What the military actually did was a raid which captured Maduro and his wife, and likely took out some of Venezuela’s anti-air capabilities—for all the good they did them—in the process. As far as we know, that was the intent. Actually establishing control is an occupational effort.
I see your argument, and I think it is even defensible but I think it falls short. An actual resolution to this question may require a judge to weigh in on the contract.
"Actually establishing control is an occupational effort."
Not quite.
They're trying to establish control by threatening to kill or imprison the leaders and by blockade.
Venezuela apparently handed over a lot of oil, it seems like they've been able to do something.
That said - we don't really know how much 'control' that is.
If I were Polymarket, I wouldn't say that the US has control either, but, it's entirely plausible.
We'll see.
This could go the way of DOGE or the Trade War aka just a trailing mess of ongoing concerns that people forget about, though to play my own devil's advocate, ICE is consistently ramping up.
I understand that he made that claim, but until we see something that effectively substantiates that claim, it’s just words. Right now Maduro is in custody and being tried for the charges, but the regime he built is still in place, and as far as we know, not feeling any warm feelings about cooperating with us.
Now realistically no one in that regime is any safer than Maduro was, but it’s also a possibility they resist and carry on without Maduro. It’s only been since Saturday. I’m not saying there’s no world where Trump & Rubio are correct today or when they said it over the weekend, I’m saying that there is no public information substantiating those claims. Near as I can tell, it’s a “listen to us or else” kinda deal, which could be enough, but then we would see the effects of that through cooperation with the Trump Administration.
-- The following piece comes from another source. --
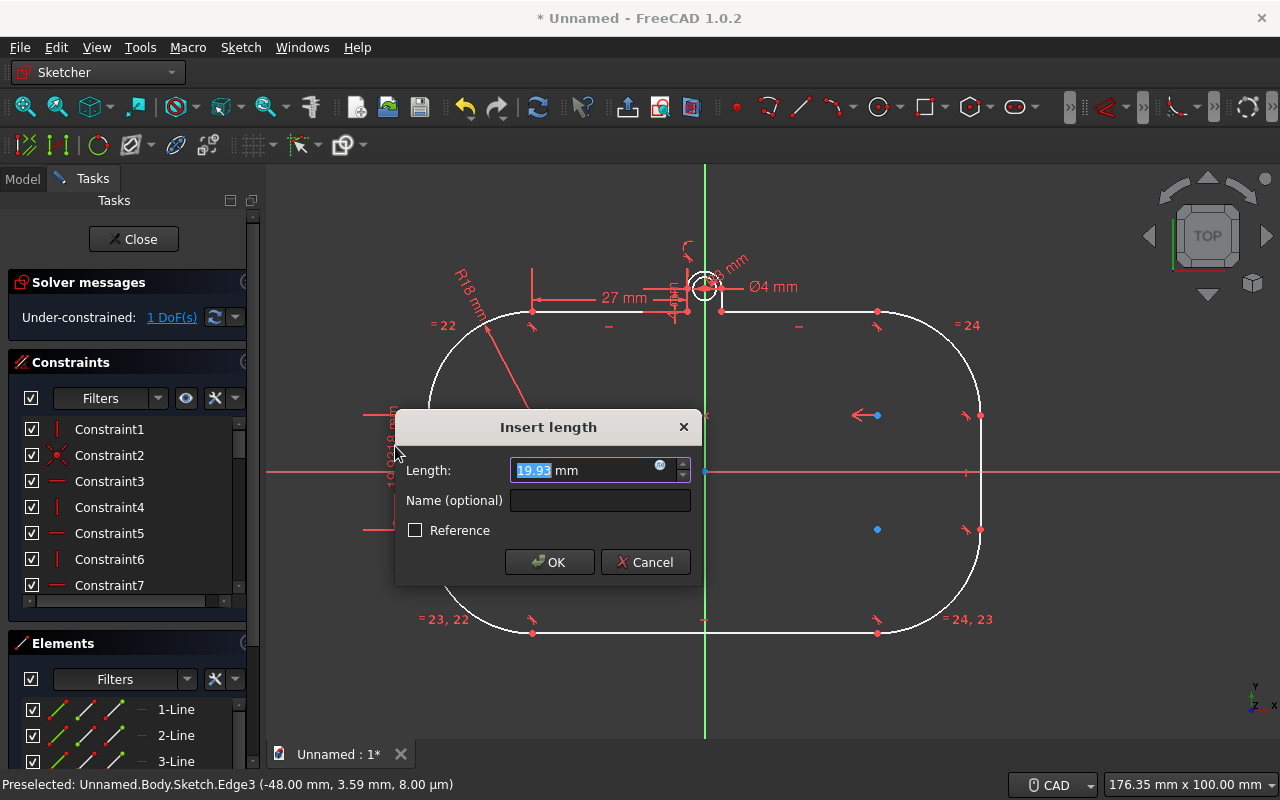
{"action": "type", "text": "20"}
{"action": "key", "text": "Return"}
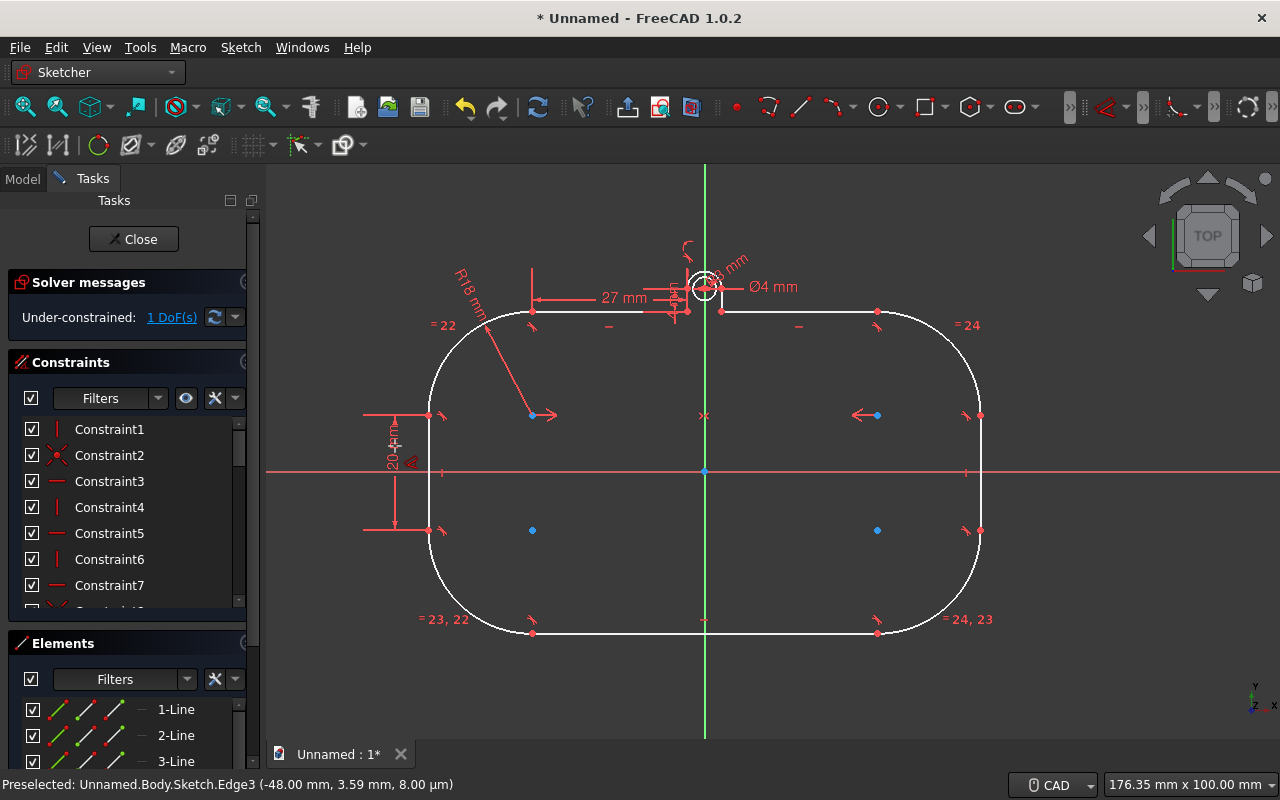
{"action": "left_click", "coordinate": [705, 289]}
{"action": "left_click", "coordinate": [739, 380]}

The claim doesn’t need to be substantiated, because it doesn’t matter whether they actually will control Venezuela, it only matters that it was their intent to do so, which Rubio and Trump have both admitted.
Like I said, I think your position is defensible but I think it falls short so I still disagree. If the people who bought into this contract can get it in front of a judge though, the judge might agree with you.
I am prepared to be wrong on this one, but I just don’t think that Trump & Rubio’s words after the fact are enough.
Except neither Trump or Rubio are credible sources. Their actions and words are notoriously unreliable.
In fact, citing them as an authority leads to the transitive property applying to credibility in an argument.
All of us here know Trump is an unreliable person, why is he being cited to support definitive claims? And Yes His unreliably most certainly extends to his own aims, there is no question on that.
You can for the most part evaluate intent based on actions. There are some actions which can have multiple possible intents behind them, where things get trickier. But in most situations, there is one primary consequence of something, and the action needs to be taken with deliberation, hence you can state with high certainty what the intention was, based purely on what was done. Consversely, if a person has complete freedom to complete some action, but chooses not to, then we can say their intention wasn't to do that thing.
The Chavez Museum was also destroyed...but no it wasn't an invasion. It didn't control land which is the definition in this case. The blockade provides de facto control which is what Trump is referring to.
I see your argument, and I think it is even defensible but I think it falls short. An actual resolution to this question may require a judge to weigh in on the contract.